While the fact that motorised travel was still something of a novelty and to make a special trip simply to try out a restaurant was a big pretty deal, certainly had a bearing on how strict the judgements were, it doesn't make it sound any less ridiculous that the first Michelin Stars were awarded to restaurants that weren't even worthy of taking detour, let alone a special journey!
Nowadays the Michelin Guide holds the ultimate power to bestow and retract its coveted stars - an honour so great that chef Gordon Ramsay, below, once described the feeling of when his New York restaurant was stripped of both of its Michelin stars as "like losing a girlfriend. You want her back." But for an annual that is such an authority on cuisine today, it is perhaps a surprise to learn that the first Michelin Guide, published in 1900 by French tyre manufacturer André Michelin and his brother Édouard, didn't even make much mention of food in it at all, instead containing a selection of useful information for motorists such as maps, instructions for changing a tyre, and listings for hotels and petrol stations.
So how has the Michelin Guide evolved from a basic car-owners' manual to the defining authority on culinary excellence? Well, in today's world of easy and cheap travel, where eating establishments are plentiful and standards extremely competitive, it's fair to say that expectations on restaurants hoping to be awarded a Michelin Star have grown massively.
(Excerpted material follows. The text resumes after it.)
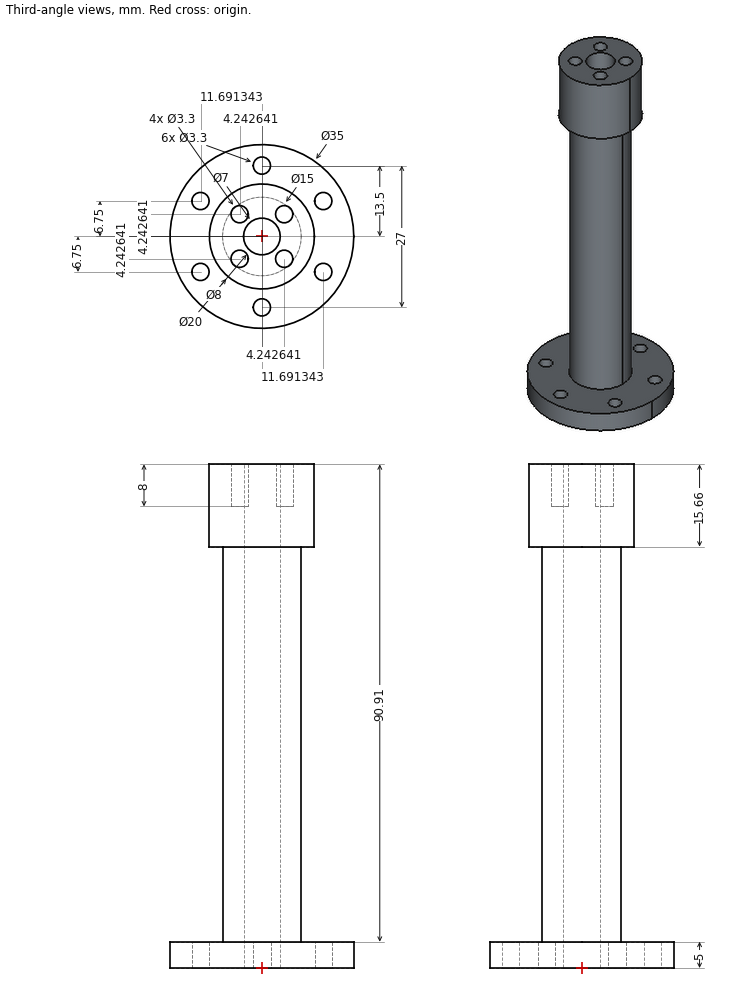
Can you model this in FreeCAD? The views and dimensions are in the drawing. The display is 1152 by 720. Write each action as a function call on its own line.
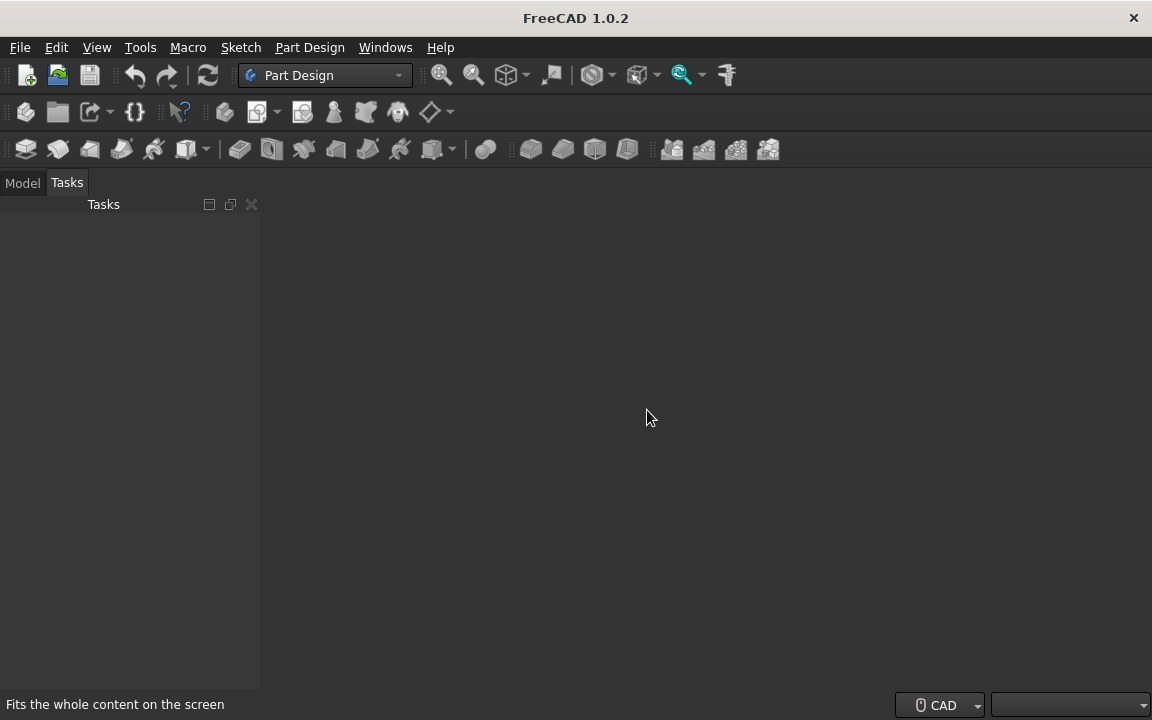
key(ctrl+n)

First off, the criteria has been extended somewhat. According to Michelin, one-star restaurants must offer "cuisine prepared to a consistently high standard"; two-star outlets are required to serve "excellent cuisine, skillfully and carefully crafted dishes of outstanding quality"; and the highest three-star rating is reserved only for restaurants that offer "distinctive dishes, precisely executed, using superlative ingredients". Along with the star rating, the guide also provides a written description of restaurants, with ambiance, specialities, wine selection and comfort all taken into account. Each restaurant that is featured in the Michelin Guide is visited by an anonymous inspector every 18 months, unless it is moving up or down the ranks, in which case it will receive more visits - at least four before being awarded one star and a minimum of 10 before a two-star restaurant can be promoted to three-star.
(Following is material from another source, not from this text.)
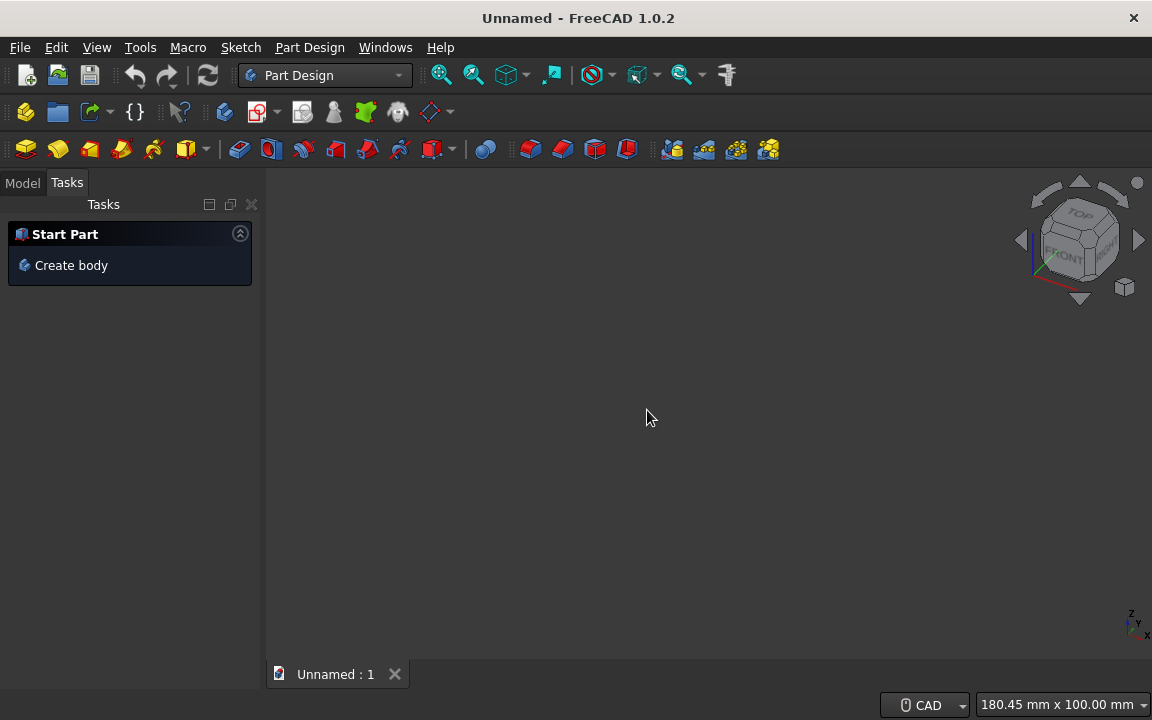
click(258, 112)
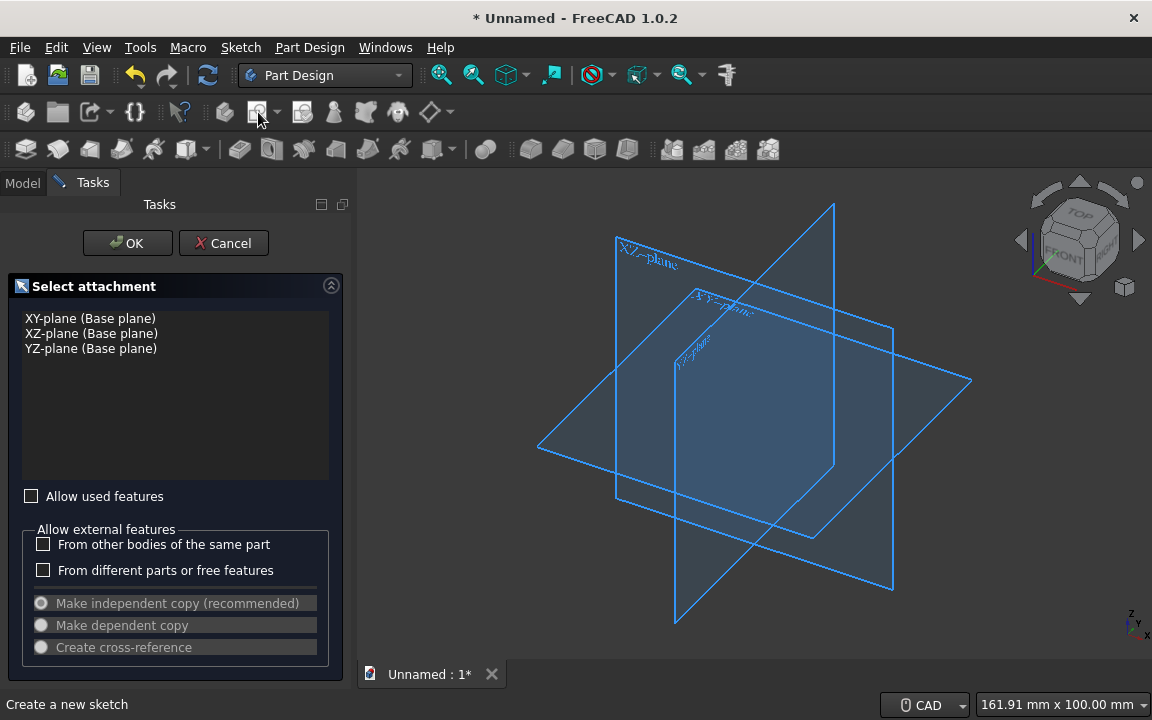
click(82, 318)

And the inspectors aren't just any old gluttons in it for a free meal. An elite team of around 120 highly trained full-time inspectors, whose identities are kept a closely guarded secret, take on the responsibility of Michelin's entire international ranking system, with each required to take regular health inspections and bi-annual cholesterol checks - an occupational hazard from dining on the rich offerings at an average of 240 restaurants per year.
As one would imagine for a system that carries so much gravitas, when it comes to actually deciding which restaurants should be awarded stars, which should retain their ranking and which have fallen below the required standards and should be stripped of their stars, the process is rigorous to say the least. It consists of every single inspector, plus the Editor-in-Chief of the Guides and the worldwide director, coming together to compare notes on each restaurant and make a collective decision. Despite its rich history and the massive importance that so many of the world's top chefs give it, the Michelin Guide hasn't been free from criticism. Slow reactions (it's only published once a year), a lack of transparency (they never reveal the exact reasons why restaurants are up- or downrated) and, most of all, the notable absence of many of the world's top culinary destinations (including Dubai) in their rankings are all points of contention.
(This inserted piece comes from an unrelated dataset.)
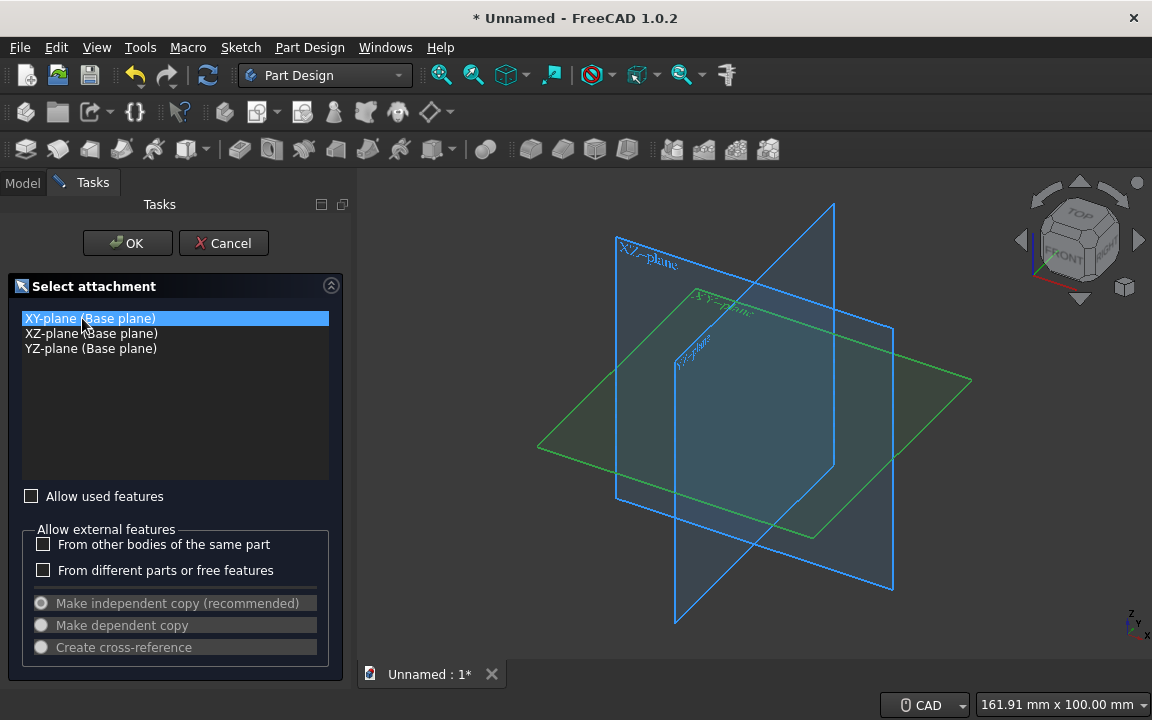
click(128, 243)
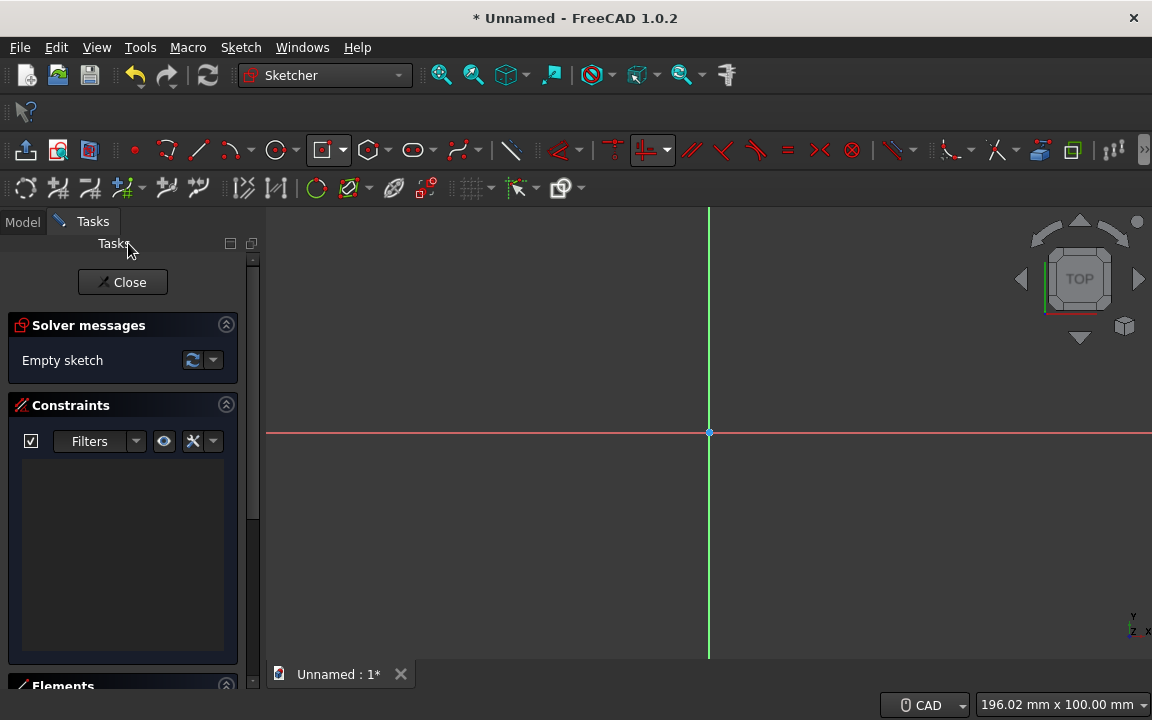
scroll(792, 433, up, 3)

In the past the guide has also been accused of being biased towards classic French restaurants, rewarding fiddly presentation and stuffy service over what most people really want: good-quality, fresh food served with a smile and at a reasonable price. And while there's no doubt that the guide does still include a lot of fine-dining restaurants, the inclusion of a few more down-to-earth eateries and even an entirely new book for 2015, Eating out in Pubs, which charts the UK's best pub food, has gone some way to reversing the trend.
It may have started out as a simple car-owners' manual, but with more than a century of history to its name and the unique ability to both boost and destroy a restaurant's reputation at will, it's no wonder that the world's top chefs are still desperate to earn those all-important stars.